• [TASK BRIEF]:
When you reach the line containing "line L12 (88.9, 76.2) -> (76.2, 76.2)" in the data below, begin returning lines exactly as written, and stop once the line containing "line L41 (63.5, 0) -> (63.5, 3.175)" has been returned.

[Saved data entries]
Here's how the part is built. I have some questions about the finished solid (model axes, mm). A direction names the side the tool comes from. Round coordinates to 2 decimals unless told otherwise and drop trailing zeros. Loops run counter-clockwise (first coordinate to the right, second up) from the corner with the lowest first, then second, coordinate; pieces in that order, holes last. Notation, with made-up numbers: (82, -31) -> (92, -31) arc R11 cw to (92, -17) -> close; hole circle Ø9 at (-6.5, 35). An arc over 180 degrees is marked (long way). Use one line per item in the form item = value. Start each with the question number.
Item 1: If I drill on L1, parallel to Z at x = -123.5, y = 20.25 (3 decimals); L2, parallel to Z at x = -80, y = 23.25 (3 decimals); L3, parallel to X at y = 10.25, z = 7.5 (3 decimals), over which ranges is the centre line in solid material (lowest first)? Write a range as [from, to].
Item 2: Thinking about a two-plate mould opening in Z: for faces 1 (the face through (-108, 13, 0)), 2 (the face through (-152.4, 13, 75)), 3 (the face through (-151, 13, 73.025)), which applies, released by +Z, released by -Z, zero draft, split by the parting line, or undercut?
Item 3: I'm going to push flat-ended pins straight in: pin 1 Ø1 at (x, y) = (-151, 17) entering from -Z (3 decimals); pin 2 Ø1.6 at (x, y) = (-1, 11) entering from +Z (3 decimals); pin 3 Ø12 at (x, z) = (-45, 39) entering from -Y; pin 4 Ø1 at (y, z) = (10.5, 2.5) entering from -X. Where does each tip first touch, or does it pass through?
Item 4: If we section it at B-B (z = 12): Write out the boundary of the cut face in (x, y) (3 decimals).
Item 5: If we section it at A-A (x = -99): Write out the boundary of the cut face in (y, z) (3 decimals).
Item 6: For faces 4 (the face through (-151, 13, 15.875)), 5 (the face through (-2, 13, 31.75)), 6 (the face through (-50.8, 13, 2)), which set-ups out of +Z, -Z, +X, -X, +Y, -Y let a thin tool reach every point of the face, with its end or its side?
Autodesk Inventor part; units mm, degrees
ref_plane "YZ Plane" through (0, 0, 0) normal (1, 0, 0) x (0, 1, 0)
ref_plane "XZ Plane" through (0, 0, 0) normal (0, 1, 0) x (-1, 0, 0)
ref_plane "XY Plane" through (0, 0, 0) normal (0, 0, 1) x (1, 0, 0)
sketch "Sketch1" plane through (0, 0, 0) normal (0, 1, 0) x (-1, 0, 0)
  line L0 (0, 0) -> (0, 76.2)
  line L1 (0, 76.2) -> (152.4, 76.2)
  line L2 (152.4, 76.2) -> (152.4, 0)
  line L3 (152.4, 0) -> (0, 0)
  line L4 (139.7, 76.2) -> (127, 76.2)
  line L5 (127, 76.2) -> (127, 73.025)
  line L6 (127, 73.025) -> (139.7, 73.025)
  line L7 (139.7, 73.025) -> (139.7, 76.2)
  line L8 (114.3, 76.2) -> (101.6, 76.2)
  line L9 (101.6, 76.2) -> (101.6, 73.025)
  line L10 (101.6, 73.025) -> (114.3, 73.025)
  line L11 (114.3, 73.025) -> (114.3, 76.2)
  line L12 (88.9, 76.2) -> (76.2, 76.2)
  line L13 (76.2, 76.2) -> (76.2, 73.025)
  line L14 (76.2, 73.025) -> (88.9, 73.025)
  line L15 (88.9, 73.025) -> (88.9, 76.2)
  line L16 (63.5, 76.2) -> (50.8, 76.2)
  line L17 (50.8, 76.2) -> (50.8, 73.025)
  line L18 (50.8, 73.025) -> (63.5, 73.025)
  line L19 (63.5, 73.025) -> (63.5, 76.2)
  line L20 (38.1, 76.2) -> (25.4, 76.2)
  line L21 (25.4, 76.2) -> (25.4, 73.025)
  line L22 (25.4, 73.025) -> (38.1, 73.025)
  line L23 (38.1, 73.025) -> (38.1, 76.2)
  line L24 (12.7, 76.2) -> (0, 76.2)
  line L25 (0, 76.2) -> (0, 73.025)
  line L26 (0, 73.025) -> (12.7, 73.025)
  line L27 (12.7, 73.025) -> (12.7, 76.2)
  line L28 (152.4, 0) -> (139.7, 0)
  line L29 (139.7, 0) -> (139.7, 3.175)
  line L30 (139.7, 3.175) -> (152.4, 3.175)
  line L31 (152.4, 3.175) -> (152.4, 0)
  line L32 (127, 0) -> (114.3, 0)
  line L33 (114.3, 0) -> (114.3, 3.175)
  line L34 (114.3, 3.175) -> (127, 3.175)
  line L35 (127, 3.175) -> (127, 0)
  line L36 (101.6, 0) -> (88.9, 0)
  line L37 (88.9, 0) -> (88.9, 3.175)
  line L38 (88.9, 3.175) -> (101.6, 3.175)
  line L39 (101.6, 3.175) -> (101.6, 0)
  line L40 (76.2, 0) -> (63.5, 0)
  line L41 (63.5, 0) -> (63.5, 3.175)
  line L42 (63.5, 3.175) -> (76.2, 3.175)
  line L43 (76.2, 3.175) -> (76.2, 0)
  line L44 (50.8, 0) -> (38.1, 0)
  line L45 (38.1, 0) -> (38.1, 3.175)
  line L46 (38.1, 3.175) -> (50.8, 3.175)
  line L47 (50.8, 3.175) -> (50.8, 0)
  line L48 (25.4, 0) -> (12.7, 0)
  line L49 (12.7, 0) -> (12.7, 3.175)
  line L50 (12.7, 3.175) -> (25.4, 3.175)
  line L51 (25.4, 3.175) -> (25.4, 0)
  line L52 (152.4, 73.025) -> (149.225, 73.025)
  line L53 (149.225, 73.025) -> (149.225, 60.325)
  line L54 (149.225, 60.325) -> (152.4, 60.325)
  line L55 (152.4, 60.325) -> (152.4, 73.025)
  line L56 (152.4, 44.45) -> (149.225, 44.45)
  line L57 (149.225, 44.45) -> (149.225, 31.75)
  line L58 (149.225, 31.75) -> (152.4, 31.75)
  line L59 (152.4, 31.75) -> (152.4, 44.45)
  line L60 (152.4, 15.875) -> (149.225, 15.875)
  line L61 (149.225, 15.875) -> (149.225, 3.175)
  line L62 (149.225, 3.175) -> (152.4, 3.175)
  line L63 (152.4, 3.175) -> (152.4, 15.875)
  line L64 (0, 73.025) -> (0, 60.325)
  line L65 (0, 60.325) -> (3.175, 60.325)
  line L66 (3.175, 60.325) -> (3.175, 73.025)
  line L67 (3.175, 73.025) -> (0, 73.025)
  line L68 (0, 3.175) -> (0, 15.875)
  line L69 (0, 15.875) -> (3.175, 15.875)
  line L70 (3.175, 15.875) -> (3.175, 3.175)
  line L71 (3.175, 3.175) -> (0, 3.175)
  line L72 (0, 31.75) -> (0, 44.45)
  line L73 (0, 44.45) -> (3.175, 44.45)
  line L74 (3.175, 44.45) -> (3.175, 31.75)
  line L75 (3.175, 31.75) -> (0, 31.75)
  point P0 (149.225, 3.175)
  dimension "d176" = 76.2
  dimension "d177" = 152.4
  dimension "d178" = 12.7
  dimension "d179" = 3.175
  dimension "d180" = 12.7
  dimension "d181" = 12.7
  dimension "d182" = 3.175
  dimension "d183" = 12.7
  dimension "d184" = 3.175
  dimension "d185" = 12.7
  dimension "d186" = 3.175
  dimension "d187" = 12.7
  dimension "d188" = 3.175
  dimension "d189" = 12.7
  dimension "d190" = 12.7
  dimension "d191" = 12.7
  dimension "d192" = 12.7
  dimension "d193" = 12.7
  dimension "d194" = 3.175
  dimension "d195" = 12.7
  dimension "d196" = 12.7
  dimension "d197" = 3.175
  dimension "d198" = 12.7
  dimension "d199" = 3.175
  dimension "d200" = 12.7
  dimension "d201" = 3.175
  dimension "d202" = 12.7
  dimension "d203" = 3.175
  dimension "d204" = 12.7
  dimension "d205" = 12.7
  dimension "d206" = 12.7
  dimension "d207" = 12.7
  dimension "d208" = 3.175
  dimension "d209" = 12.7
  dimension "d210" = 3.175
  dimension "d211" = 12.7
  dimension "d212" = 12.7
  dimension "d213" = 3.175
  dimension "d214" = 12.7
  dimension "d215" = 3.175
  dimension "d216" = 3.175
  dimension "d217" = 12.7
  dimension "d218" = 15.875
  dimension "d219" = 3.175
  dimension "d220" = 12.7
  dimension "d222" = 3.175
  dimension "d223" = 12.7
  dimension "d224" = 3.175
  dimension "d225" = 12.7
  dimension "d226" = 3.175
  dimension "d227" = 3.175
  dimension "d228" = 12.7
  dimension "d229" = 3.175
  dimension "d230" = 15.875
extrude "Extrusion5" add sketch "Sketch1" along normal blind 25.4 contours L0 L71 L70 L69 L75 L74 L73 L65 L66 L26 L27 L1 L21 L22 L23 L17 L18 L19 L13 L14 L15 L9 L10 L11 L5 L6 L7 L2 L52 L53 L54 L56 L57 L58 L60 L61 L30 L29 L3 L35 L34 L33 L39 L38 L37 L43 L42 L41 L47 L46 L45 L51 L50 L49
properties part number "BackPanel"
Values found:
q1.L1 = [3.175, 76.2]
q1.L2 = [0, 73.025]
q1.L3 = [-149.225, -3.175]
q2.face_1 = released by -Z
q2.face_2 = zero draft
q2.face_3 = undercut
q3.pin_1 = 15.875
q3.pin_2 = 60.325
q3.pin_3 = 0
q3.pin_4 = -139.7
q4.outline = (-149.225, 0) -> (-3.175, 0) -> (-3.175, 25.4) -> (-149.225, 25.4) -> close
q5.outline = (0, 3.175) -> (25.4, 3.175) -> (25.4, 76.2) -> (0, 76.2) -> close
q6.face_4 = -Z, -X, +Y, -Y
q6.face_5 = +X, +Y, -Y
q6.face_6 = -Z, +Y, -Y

• [YOUR SOLUTION]:
  line L12 (88.9, 76.2) -> (76.2, 76.2)
  line L13 (76.2, 76.2) -> (76.2, 73.025)
  line L14 (76.2, 73.025) -> (88.9, 73.025)
  line L15 (88.9, 73.025) -> (88.9, 76.2)
  line L16 (63.5, 76.2) -> (50.8, 76.2)
  line L17 (50.8, 76.2) -> (50.8, 73.025)
  line L18 (50.8, 73.025) -> (63.5, 73.025)
  line L19 (63.5, 73.025) -> (63.5, 76.2)
  line L20 (38.1, 76.2) -> (25.4, 76.2)
  line L21 (25.4, 76.2) -> (25.4, 73.025)
  line L22 (25.4, 73.025) -> (38.1, 73.025)
  line L23 (38.1, 73.025) -> (38.1, 76.2)
  line L24 (12.7, 76.2) -> (0, 76.2)
  line L25 (0, 76.2) -> (0, 73.025)
  line L26 (0, 73.025) -> (12.7, 73.025)
  line L27 (12.7, 73.025) -> (12.7, 76.2)
  line L28 (152.4, 0) -> (139.7, 0)
  line L29 (139.7, 0) -> (139.7, 3.175)
  line L30 (139.7, 3.175) -> (152.4, 3.175)
  line L31 (152.4, 3.175) -> (152.4, 0)
  line L32 (127, 0) -> (114.3, 0)
  line L33 (114.3, 0) -> (114.3, 3.175)
  line L34 (114.3, 3.175) -> (127, 3.175)
  line L35 (127, 3.175) -> (127, 0)
  line L36 (101.6, 0) -> (88.9, 0)
  line L37 (88.9, 0) -> (88.9, 3.175)
  line L38 (88.9, 3.175) -> (101.6, 3.175)
  line L39 (101.6, 3.175) -> (101.6, 0)
  line L40 (76.2, 0) -> (63.5, 0)
  line L41 (63.5, 0) -> (63.5, 3.175)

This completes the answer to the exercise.